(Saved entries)
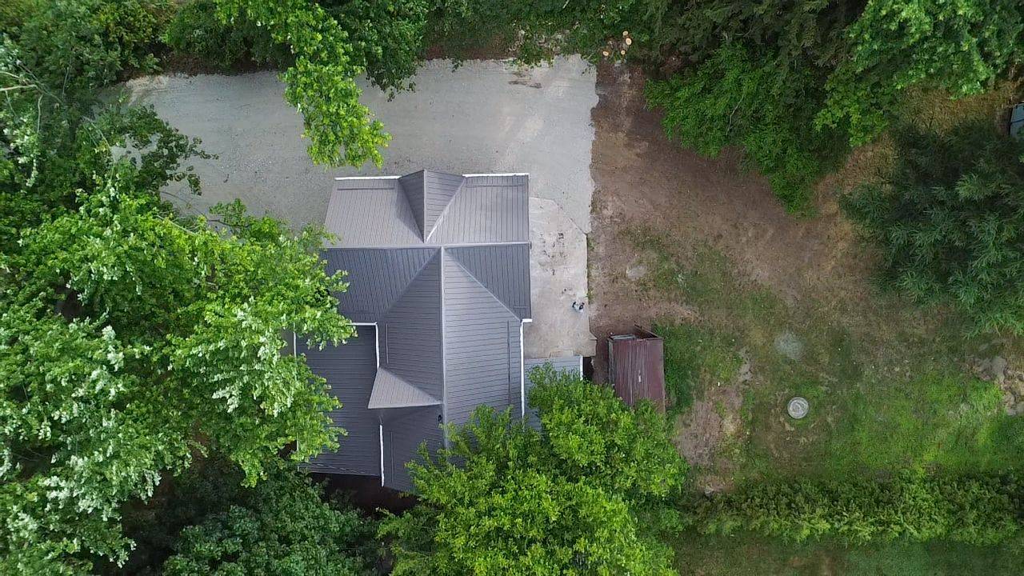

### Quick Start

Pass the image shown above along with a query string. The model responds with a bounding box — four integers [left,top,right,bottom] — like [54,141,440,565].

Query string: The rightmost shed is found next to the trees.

[608,319,666,417]
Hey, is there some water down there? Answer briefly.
No

> Exercise goal:
Each record above must be set down again unchanged, with its pictures left out.

> Result of this task:
### Quick Start

Pass the image shown above along with a query string. The model responds with a bounding box — four integers [left,top,right,bottom] — like [54,141,440,565].

Query string: The rightmost shed is found next to the trees.

[608,319,666,417]
Hey, is there some water down there? Answer briefly.
No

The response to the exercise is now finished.